THE TASK:
State how many lines in the listing below include the string "bounding". The answer is the number alone.

RECORDS SHOWN:
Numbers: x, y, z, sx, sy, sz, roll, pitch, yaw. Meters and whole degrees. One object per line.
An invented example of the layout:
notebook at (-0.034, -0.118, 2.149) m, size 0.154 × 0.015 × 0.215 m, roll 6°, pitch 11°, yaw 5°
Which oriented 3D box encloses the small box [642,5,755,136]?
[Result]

...

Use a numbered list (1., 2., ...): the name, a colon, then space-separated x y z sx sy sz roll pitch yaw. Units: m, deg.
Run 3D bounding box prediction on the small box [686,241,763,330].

---

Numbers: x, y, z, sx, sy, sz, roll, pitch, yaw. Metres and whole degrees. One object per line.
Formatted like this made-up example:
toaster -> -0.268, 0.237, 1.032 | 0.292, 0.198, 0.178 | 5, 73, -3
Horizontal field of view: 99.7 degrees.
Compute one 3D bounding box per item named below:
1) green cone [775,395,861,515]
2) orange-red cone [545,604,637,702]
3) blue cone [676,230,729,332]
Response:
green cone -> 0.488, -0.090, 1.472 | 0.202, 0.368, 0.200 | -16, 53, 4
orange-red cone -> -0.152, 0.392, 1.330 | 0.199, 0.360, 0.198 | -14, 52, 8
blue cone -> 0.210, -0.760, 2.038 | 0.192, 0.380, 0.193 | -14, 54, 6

COMPLETED TASK:
2